*** Opening DATA EXCERPTS ***

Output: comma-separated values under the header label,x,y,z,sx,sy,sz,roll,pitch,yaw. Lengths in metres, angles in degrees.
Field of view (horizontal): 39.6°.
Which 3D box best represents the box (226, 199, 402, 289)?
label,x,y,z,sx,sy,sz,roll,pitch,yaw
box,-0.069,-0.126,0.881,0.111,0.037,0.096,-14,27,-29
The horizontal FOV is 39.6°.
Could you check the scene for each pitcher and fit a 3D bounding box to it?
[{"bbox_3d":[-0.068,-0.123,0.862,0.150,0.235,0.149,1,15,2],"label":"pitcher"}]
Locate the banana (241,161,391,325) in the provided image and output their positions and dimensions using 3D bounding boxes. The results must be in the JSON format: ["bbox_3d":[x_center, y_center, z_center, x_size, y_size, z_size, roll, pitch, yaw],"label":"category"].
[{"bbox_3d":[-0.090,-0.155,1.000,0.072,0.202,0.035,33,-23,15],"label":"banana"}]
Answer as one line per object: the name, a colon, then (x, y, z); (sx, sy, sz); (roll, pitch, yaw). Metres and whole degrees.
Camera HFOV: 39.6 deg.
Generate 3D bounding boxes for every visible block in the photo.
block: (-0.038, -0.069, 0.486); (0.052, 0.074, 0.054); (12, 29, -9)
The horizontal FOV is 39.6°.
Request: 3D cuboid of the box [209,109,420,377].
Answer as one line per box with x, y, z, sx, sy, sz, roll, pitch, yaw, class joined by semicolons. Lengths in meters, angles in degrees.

*** Closing DATA EXCERPTS ***

> **EXERCISE GOAL**: Reproduce every record, making sure each one stays exactly the same.

> **YOUR RESPONSE**:
Output: comma-separated values under the header label,x,y,z,sx,sy,sz,roll,pitch,yaw. Lengths in metres, angles in degrees.
Field of view (horizontal): 39.6°.
Which 3D box best represents the box (226, 199, 402, 289)?
label,x,y,z,sx,sy,sz,roll,pitch,yaw
box,-0.069,-0.126,0.881,0.111,0.037,0.096,-14,27,-29
The horizontal FOV is 39.6°.
Could you check the scene for each pitcher and fit a 3D bounding box to it?
[{"bbox_3d":[-0.068,-0.123,0.862,0.150,0.235,0.149,1,15,2],"label":"pitcher"}]
Locate the banana (241,161,391,325) in the provided image and output their positions and dimensions using 3D bounding boxes. The results must be in the JSON format: ["bbox_3d":[x_center, y_center, z_center, x_size, y_size, z_size, roll, pitch, yaw],"label":"category"].
[{"bbox_3d":[-0.090,-0.155,1.000,0.072,0.202,0.035,33,-23,15],"label":"banana"}]
Answer as one line per object: the name, a colon, then (x, y, z); (sx, sy, sz); (roll, pitch, yaw). Metres and whole degrees.
Camera HFOV: 39.6 deg.
Generate 3D bounding boxes for every visible block in the photo.
block: (-0.038, -0.069, 0.486); (0.052, 0.074, 0.054); (12, 29, -9)
The horizontal FOV is 39.6°.
Request: 3D cuboid of the box [209,109,420,377].
Answer as one line per box with x, y, z, sx, sy, sz, roll, pitch, yaw, class joined by semicolons. Lengths in meters, angles in degrees.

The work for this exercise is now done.